2024 Simons Collaboration on Learning the Universe Annual Meeting
Organizer:
Greg Bryan, Columbia University
Meeting Goals:
The Learning the Universe collaboration, after three years of work, has made remarkable progress towards our goals. Collaboration members have developed a new, first-principles model for self-regulated star formation within the interstellar medium, emerging from the most extensive and physics-rich set of small-scale disk simulations ever undertaken. We have also developed an innovative new subgrid model for including galactic winds in cosmological simulations, built on our new physical understanding of cloud-wind interactions. We are implementing and testing these new subgrid frameworks in both differentiable semi-analytic models and a cutting-edge hydrodynamics code and have already started a new set of cosmological simulations. The collaboration has also made huge strides in creating tools to rapidly emulate the simulations and employ implicit inference techniques to simultaneously infer both galaxy and cosmological parameters, a watershed and key goal of the collaboration. We have also carried out a reconstruction of cosmological initial conditions to date in an unprecedentedly large volume.

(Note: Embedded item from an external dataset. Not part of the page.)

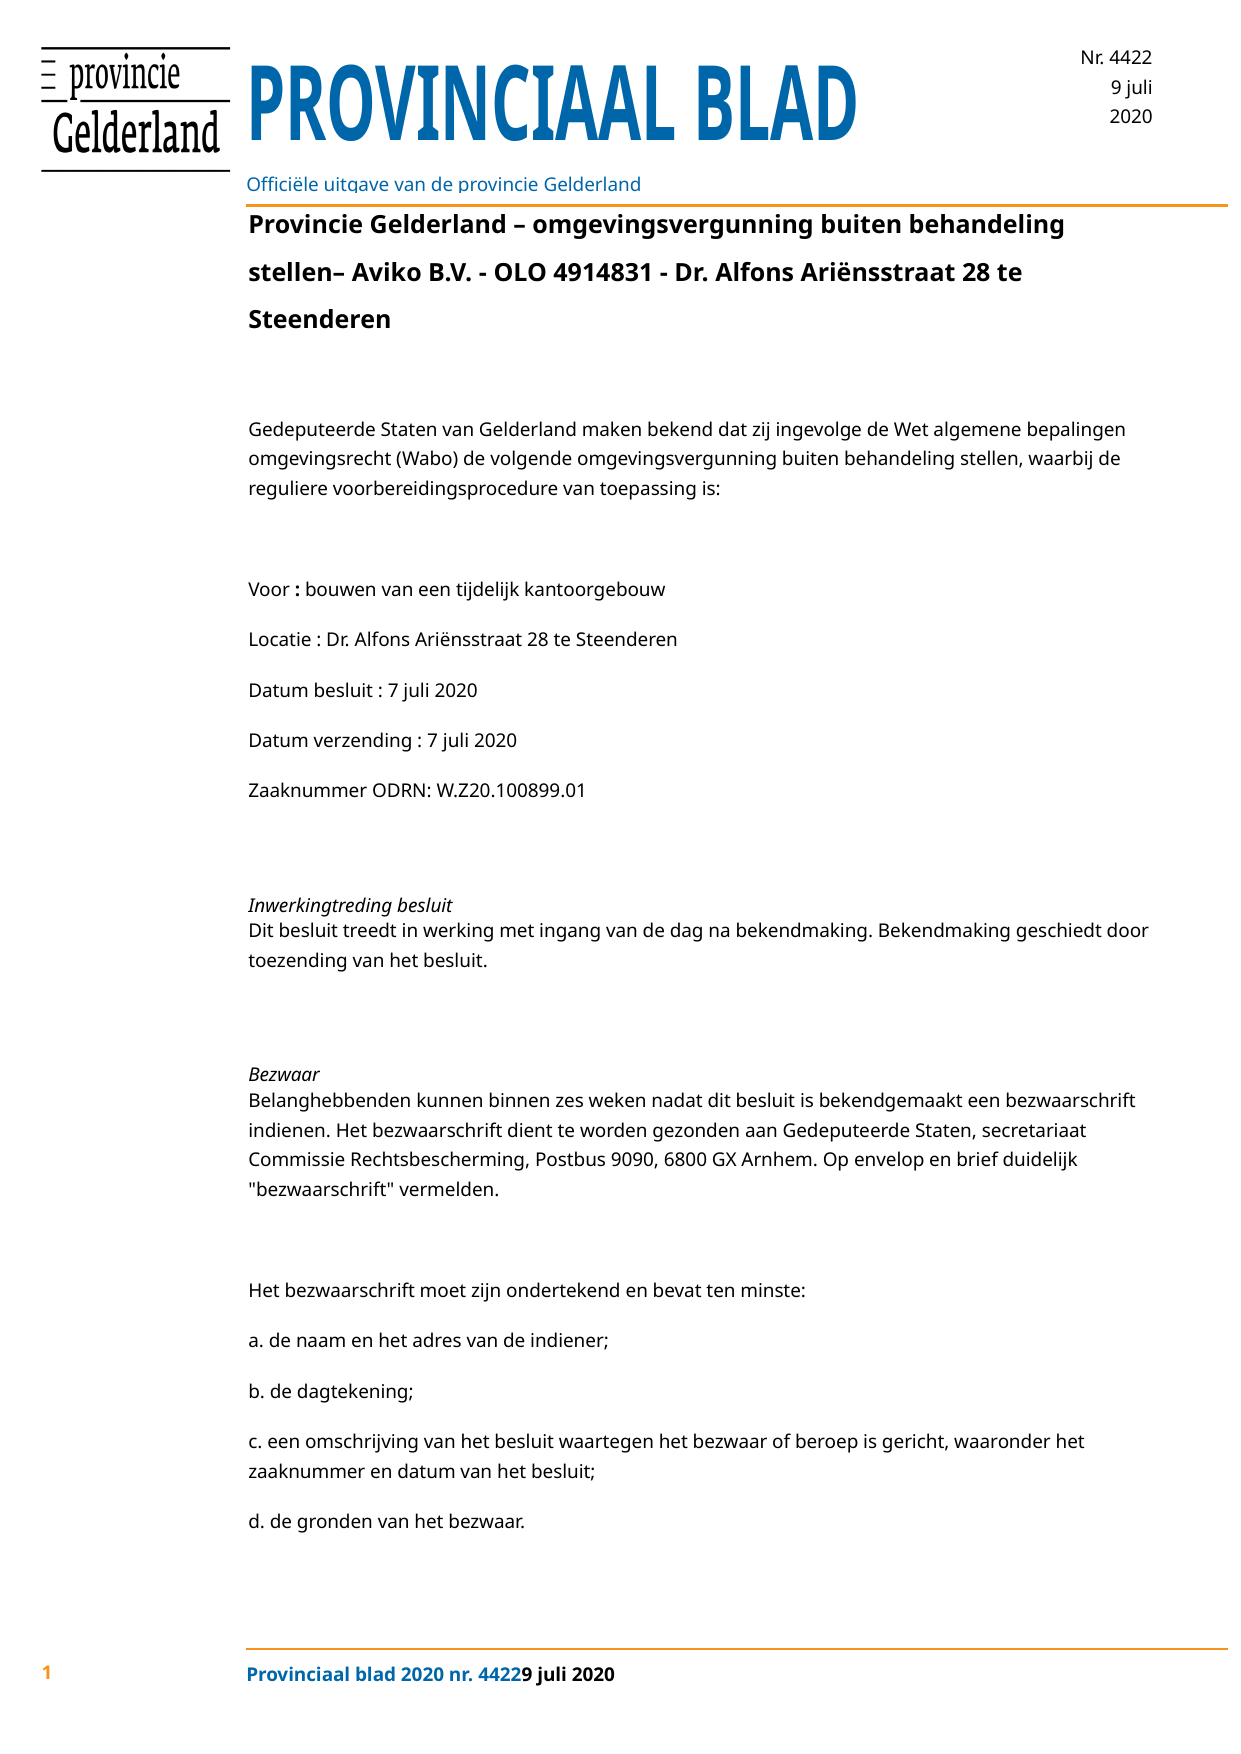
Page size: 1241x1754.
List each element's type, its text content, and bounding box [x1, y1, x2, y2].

These achievements have allowed us to start up a set of three new cross-cutting collaboration projects: (i) Go Big, the largest implicit inference application to date, (ii) LtU connections, a joint galaxy/cosmology inference that goes to real observations for the first time, and (iii) a suite of high-z simulations to apply our techniques to the exciting new observations of unexpectedly bright galaxies in the early universe. This year’s meeting will bring us together to examine first results from these new initiatives and map out the exciting future capabilities that are now within our reach.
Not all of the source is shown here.